Escucha con empatía y valida sentimientos de tus hijos

emociones

No discutas los hechos. Los sentimientos no son lógicos. No esperarías que el nuevo empleado sepa cómo encontrar el baño si nadie le ha dicho dónde está antes y no debes esperar que un niño sepa cómo manejar las emociones que, francamente, todavía tiene problemas para enfrentar porque aún no las entiende.

No intentes arreglar las cosas de inmediato. Debes establecer que eres un aliado seguro antes de poder resolver cualquier cosa. El entendimiento debe preceder al consejo y, al igual que con los adultos,  ellos deciden cuándo lo entiendes.

Es importante aceptar todos los sentimientos, pero no todos los comportamientos. Si saltas inmediatamente a la resolución de problemas, el niño nunca aprende la habilidad de cómo lidiar con esas emociones incómodas.

Sé una persona empática y permite que tus hijos hablen. Ayúdales a aclararse intermitente, valida sus sentimientos pero no aceptes un mal comportamiento. Necesitan sentir que realmente entiendes lo que sienten y que estás a su lado.  Respira hondo, relájate y concéntrate en ellos.

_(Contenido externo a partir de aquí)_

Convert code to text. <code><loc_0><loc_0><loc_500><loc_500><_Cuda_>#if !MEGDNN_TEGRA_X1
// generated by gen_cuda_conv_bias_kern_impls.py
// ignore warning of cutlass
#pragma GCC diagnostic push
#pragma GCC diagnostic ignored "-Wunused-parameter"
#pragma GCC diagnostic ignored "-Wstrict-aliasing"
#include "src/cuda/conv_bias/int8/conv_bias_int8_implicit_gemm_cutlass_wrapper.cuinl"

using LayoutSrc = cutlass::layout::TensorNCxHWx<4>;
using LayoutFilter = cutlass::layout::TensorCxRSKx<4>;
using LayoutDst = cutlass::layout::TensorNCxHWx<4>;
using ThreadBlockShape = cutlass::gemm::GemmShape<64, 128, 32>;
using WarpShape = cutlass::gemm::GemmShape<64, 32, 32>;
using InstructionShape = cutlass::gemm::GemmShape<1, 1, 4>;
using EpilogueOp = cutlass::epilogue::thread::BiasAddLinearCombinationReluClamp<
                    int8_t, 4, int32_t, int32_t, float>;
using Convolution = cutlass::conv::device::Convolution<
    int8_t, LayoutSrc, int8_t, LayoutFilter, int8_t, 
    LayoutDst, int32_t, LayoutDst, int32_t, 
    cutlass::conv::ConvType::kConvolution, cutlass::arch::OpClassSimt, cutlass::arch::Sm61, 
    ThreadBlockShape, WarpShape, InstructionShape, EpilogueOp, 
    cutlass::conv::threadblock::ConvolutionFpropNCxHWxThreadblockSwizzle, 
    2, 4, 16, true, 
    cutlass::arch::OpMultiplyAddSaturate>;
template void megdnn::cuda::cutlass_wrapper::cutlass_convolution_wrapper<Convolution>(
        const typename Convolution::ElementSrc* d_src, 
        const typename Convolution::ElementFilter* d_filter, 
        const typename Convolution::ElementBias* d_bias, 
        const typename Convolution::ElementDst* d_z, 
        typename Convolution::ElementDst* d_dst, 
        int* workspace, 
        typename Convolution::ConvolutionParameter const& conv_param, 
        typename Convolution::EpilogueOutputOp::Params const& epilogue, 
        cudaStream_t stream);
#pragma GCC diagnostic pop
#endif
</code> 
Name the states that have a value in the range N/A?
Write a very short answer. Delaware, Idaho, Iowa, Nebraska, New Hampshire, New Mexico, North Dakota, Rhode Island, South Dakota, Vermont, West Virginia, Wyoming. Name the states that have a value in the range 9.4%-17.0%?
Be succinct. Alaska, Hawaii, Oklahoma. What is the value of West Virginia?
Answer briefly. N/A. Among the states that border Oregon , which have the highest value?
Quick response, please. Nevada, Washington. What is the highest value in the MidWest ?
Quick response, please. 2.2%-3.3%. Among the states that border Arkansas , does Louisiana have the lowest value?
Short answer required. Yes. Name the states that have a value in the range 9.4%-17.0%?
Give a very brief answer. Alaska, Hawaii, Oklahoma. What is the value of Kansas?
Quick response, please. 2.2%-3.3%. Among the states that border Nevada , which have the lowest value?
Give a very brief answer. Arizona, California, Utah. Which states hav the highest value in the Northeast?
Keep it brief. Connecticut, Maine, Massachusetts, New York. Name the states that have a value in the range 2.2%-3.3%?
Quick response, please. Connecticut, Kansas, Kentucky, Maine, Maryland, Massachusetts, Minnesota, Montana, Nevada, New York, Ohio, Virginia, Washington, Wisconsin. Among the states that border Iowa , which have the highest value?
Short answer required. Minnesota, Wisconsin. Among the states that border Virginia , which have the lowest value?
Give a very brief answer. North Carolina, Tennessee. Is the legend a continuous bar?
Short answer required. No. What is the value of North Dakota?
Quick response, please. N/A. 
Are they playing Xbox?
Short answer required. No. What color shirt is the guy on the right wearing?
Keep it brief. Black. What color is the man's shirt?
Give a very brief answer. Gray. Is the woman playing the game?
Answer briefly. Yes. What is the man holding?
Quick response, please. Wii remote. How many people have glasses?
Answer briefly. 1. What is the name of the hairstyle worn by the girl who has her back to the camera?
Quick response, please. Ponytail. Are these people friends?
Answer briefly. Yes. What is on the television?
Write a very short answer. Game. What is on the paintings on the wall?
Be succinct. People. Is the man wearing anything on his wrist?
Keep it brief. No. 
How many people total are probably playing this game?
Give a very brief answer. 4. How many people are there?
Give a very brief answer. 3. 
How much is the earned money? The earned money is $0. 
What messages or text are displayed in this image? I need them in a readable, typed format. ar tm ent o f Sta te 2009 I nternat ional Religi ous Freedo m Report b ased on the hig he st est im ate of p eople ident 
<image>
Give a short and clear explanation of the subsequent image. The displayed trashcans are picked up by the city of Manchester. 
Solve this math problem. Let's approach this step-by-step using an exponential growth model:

En este contexto, escuchar significa mucho más que recopilar datos con los oídos. Los oyentes empáticos usan sus ojos para observar la evidencia física de las emociones de sus hijos. Usan su imaginación para ver la situación desde la perspectiva del niño. Usan sus palabras para reflejar, de una manera suave y no crítica, lo que están escuchando y para ayudar a sus hijos a etiquetar sus emociones.

Relaciona los problemas infantiles con los problemas adultos en tu cabeza para ayudarte a empatizar. Quizá pienses que tu hijo celoso del nuevo hermanito no tiene razón de ser con su comportamiento, ¿de verdad? ¿Cómo te sentirías si tu pareja llegase a casa con un amante y te hiciese convivir con él? Sal de tu cabeza y entra en la de tus hijos. Relacionar. Empatizarse.

Las preguntas para saber sus emociones pueden ser demasiado para un niño pequeño. Puede sentirse como un interrogatorio. Puede que ni siquiera sepan por qué están tristes. Intenta compartir observaciones simples. Di: «Me di cuenta de que frunciste el ceño cuando mencioné ir a la fiesta» y luego espera una respuesta.